Unnamed: 0,age,sex,trestbps,chol,cp,exang,fbs,thalach,heart_disease
0,63.0,male,145.0,233.0,typical angina,0.0,1.0,150.0,absence
1,67.0,male,160.0,286.0,asymptomatic,1.0,0.0,108.0,presence
2,67.0,male,120.0,229.0,asymptomatic,1.0,0.0,129.0,presence
3,37.0,male,130.0,250.0,non-anginal pain,0.0,0.0,187.0,absence
4,41.0,female,130.0,204.0,atypical angina,0.0,0.0,172.0,absence


In [23]:
num_highfbs_patients = len(heart[heart.fbs == 1])
num_highfbs_patients

45

#### 8.

- Sometimes, part of an analysis will involve comparing a sample to known population values to see if the sample appears to be representative of the general population.
- By some estimates, about 8% of the U.S. population had diabetes (diagnosed or undiagnosed) in 1988 when this data was collected. 
- While there are multiple tests that contribute to a diabetes diagnosis, fasting blood sugar levels greater than 120 mg/dl can be indicative of diabetes (or at least, pre-diabetes). 
- If this sample were representative of the population, approximately how many people would you expect to have diabetes? 
- Calculate and print out this number.
- Is this value similar to the number of patients with a resting blood sugar above 120 mg/dl — or different?

In [24]:
# 8% of the US population has diabetes in 1988
# fbs > 120 mg/dl can be indicative of diabetes (or pre-diabetes)

len(heart) * 0.08

24.240000000000002

#### 9.

- Does this sample come from a population in which the rate of fbs > 120 mg/dl is equal to 8%? 
- Import the function from `scipy.stats` that you can use to test the following null and alternative hypotheses:
    - **Null**: This sample was drawn from a population where 8% of people have fasting blood sugar > 120 mg/dl
    - **Alternative**: This sample was drawn from a population where more than 8% of people have fasting blood sugar > 120 mg/dl

In [34]:
from scipy.stats import binomtest

# Parameters:
# k: number of observed successes
# n: number of total trials
# p: expected probability of success.

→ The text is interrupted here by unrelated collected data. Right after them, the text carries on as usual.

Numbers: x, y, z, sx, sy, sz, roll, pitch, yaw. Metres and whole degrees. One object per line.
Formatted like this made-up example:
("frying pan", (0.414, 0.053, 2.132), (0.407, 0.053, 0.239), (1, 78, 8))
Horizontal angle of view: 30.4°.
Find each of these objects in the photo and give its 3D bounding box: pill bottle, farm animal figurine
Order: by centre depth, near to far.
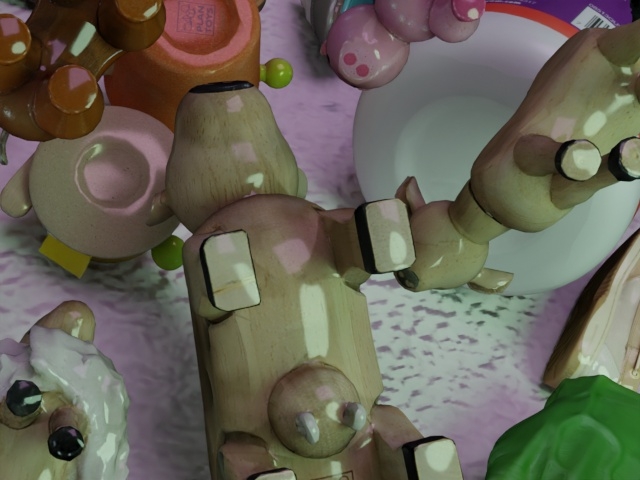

Default is 0.5
# alternative: 'two-sided', 'greater', or 'less'. Default is 'two-sided'

p_value = binomtest(num_highfbs_patients, len(heart), 0.08, alternative='greater')
p_value

BinomTestResult(k=45, n=303, alternative='greater', statistic=0.1485148514851485, pvalue=4.689471951448875e-05)

#### 10.

- Run the hypothesis test indicated in task 9 and print out the p-value. 
- Using a significance threshold of 0.05, can you conclude that this sample was drawn from a population where the rate of fasting blood sugar > 120 mg/dl is significantly greater than 8%?

In [32]:
p_value.pvalue

np.float64(4.689471951448875e-05)

- The `binomtest()` function takes four parameters (in order):
    - The observed number of “successes” (in this case, the number of people in the sample who had fasting blood sugar greater than 120 mg/dl)
    - The number of “trials” (in this case, the number of patients)
    - The null probability of “success” (in this case, 0.08)
    - The `alternative` parameter, which indicates the alternative hypothesis for the test (eg.,`'two-sided'` `'greater'` or `'less'`)
- The output is the BinomTestResult, which contains more information:
    - k: used number of successes
    - n: used number of trials
    - alternative: used alternative hypothesis
    - pvalue: the p-value of the test
- If you run the test correctly, you should get a p-value of `4.689471951449078e-05` which is equivalent to `0.0000469` (the e-5 at the end indicates scientific notation). This is less than 0.05, indicating that this sample likely comes from a population where more than 8% of people have fbs > 120 mg/dl.